不确定我是否做错了什么,或者这只是字符串的CompareTo工作方式,但基本上我的 List 是这样排序的:

  • 测试升级
  • 测试升级 10
  • 测试升级 11
  • 测试升级 12
  • 测试升级 13
  • 测试升级 14
  • 测试升级 15
  • 测试升级 2
  • 测试升级 3
  • 测试升级 4
  • 测试升级 5

我希望它们像这样排序:

  • 测试升级
  • 测试升级 2
  • 测试升级 3
  • ...ETC
4

5 回答 5

7

你想要“自然顺序”——熟悉英语惯例的人会选择的排序规则——而不是你所拥有的“词典”排序规则:为每个字母分配一个严格的顺序,然后依次按每个字母排序。

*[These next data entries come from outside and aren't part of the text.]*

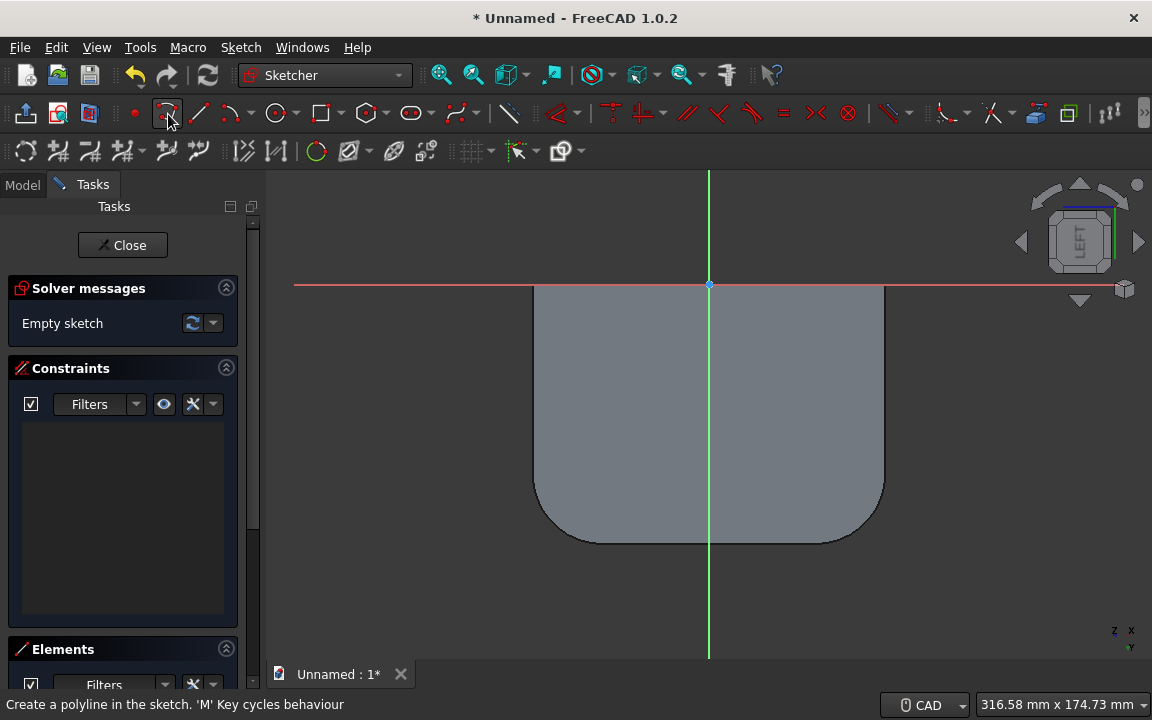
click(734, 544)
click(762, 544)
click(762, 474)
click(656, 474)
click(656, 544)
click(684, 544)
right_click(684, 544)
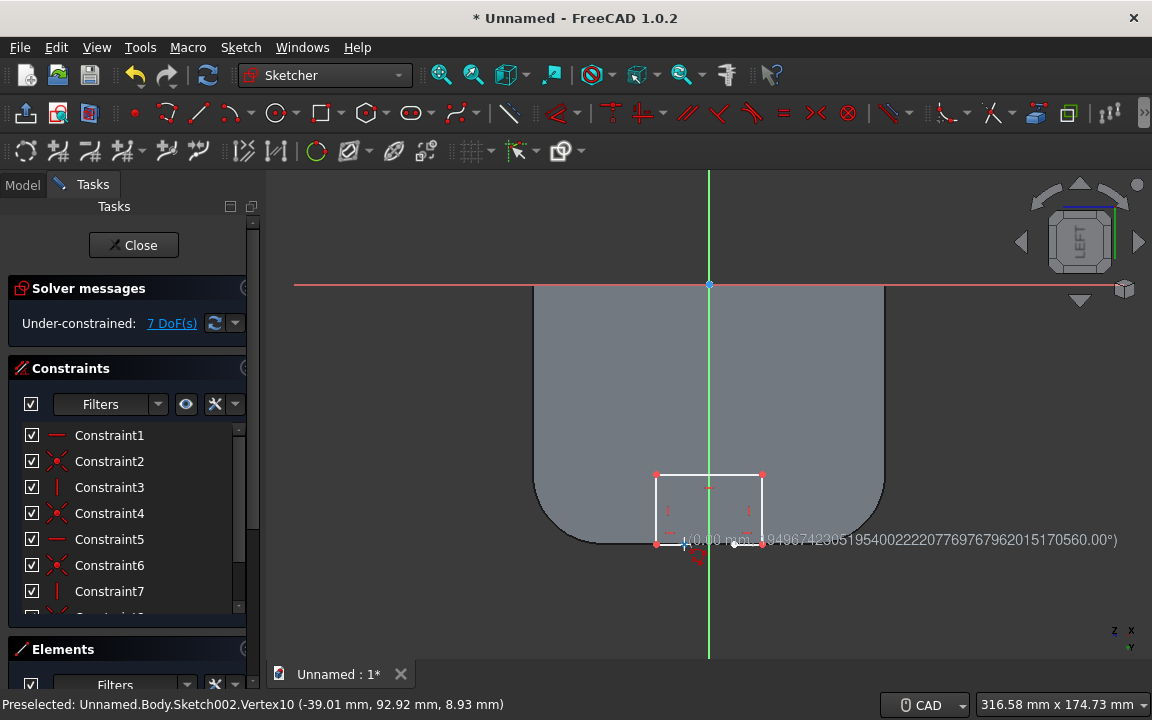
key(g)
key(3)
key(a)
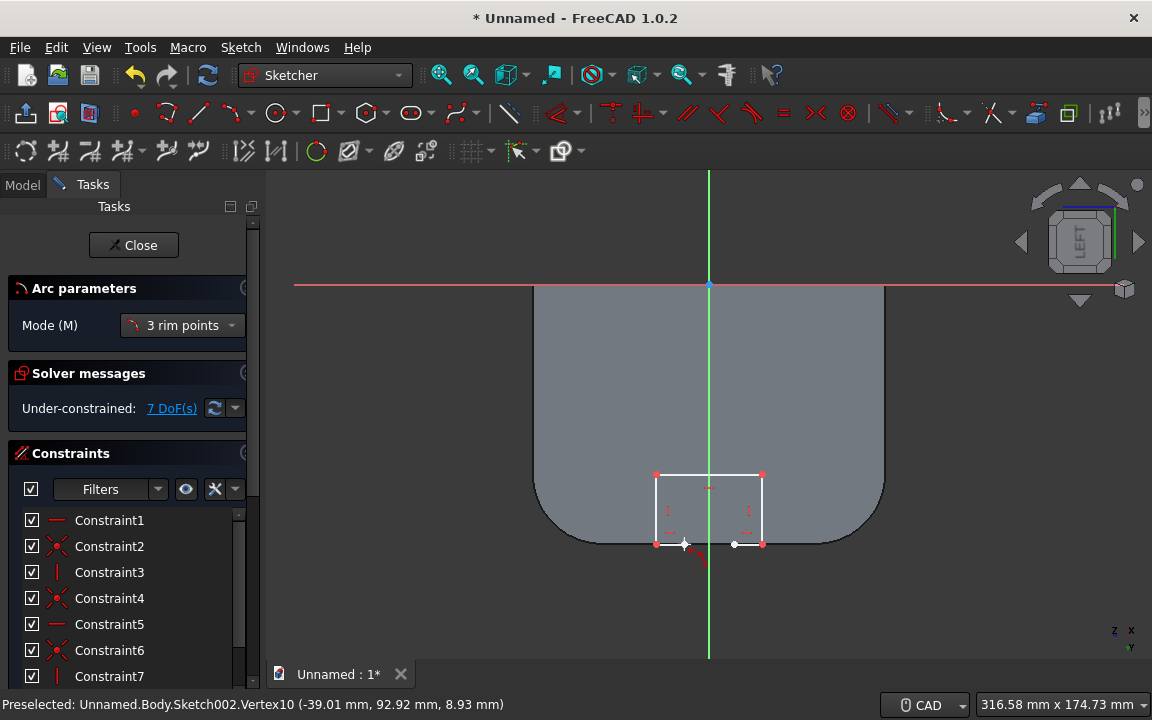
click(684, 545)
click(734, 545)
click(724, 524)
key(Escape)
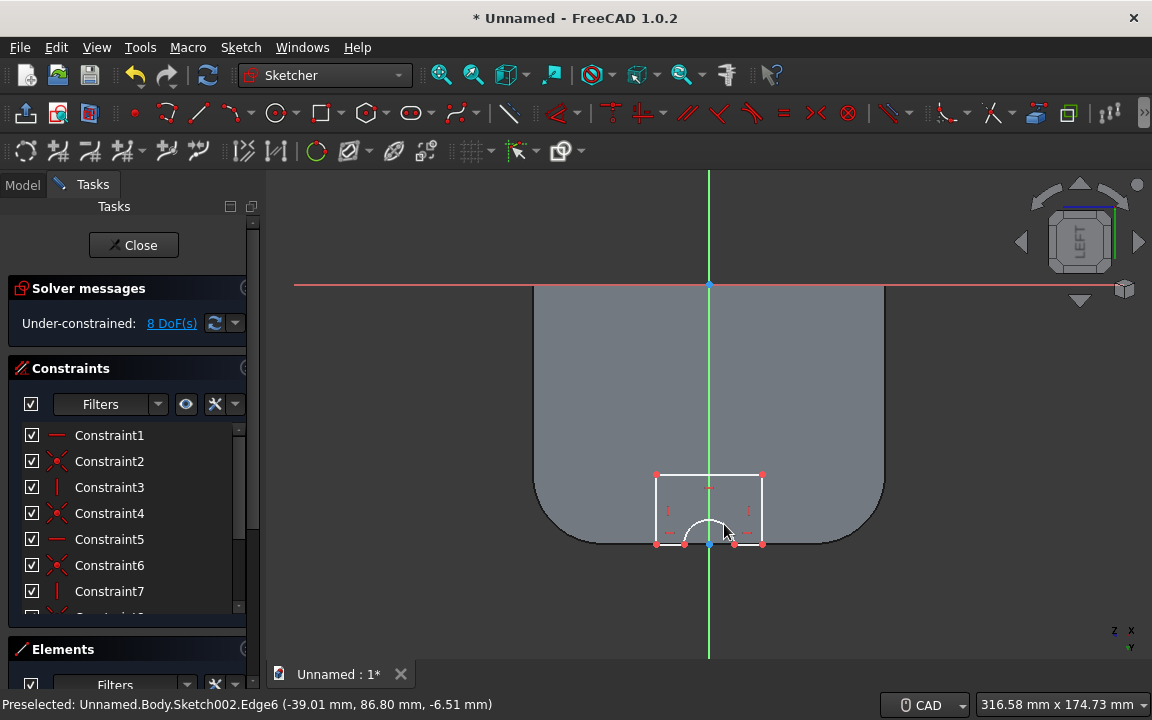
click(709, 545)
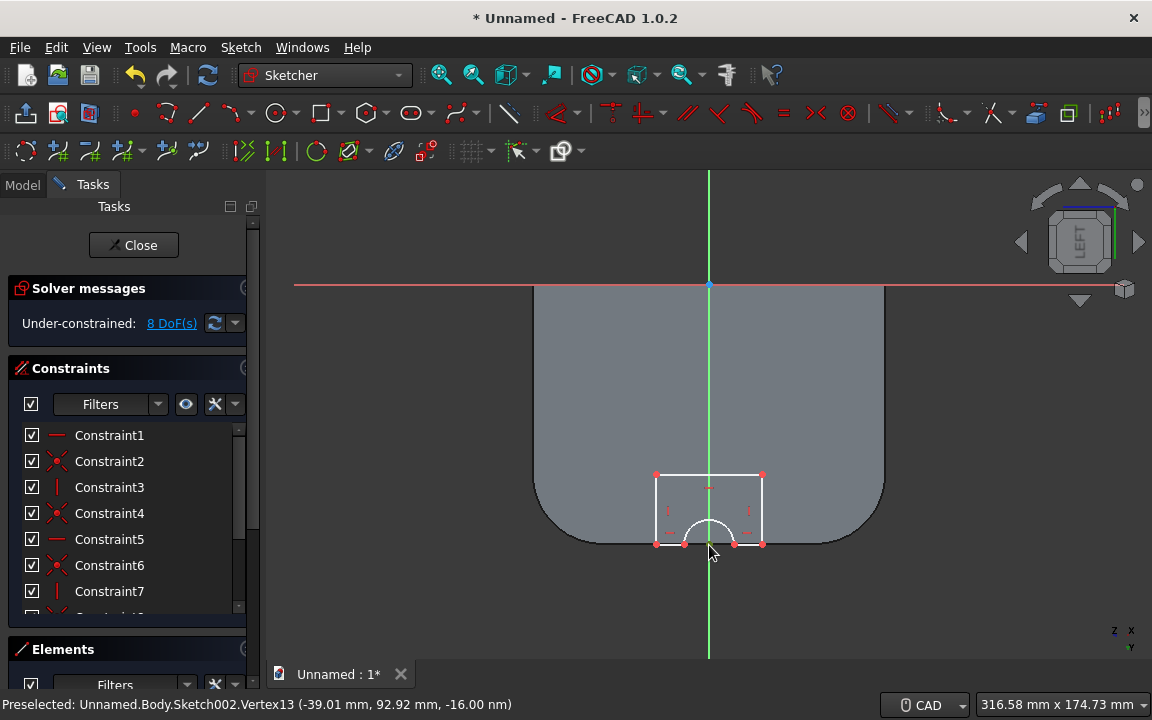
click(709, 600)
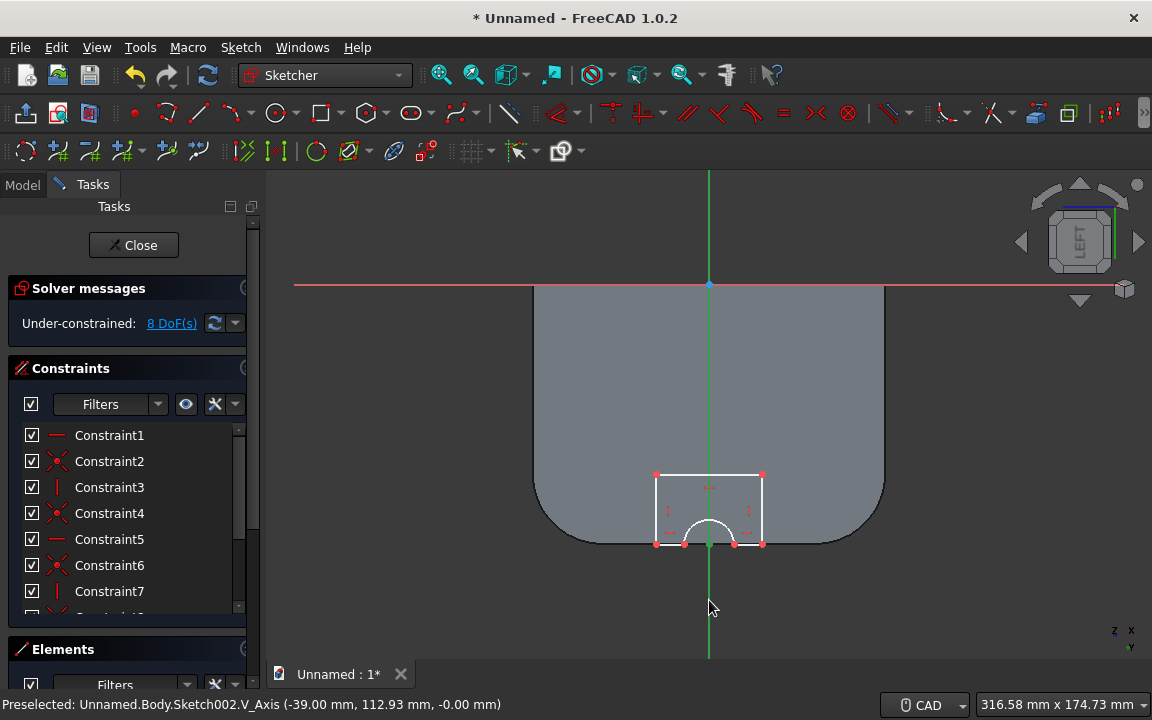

Jeff 有一篇关于这里的来龙去脉的好文章,其中包含尝试解决问题的不同算法的链接:

http://www.codinghorror.com/blog/2007/12/sorting-for-humans-natural-sort-order.html

Raymond 在这里讨论了 Windows 是如何处理它的:

http://technet.microsoft.com/en-us/magazine/hh475812.aspx

基本上问题是:自然顺序排序需要解决一个人工智能问题;您正在尝试模仿人类会做什么,这可能会非常棘手。祝你好运!

于 2013-02-01T00:57:54.653 回答
5

字符串按字典顺序排序。您必须将所有数字格式化为具有相同长度(例如:Test Upgrade 02)或在比较器中解析数字并将其合并到比较逻辑中。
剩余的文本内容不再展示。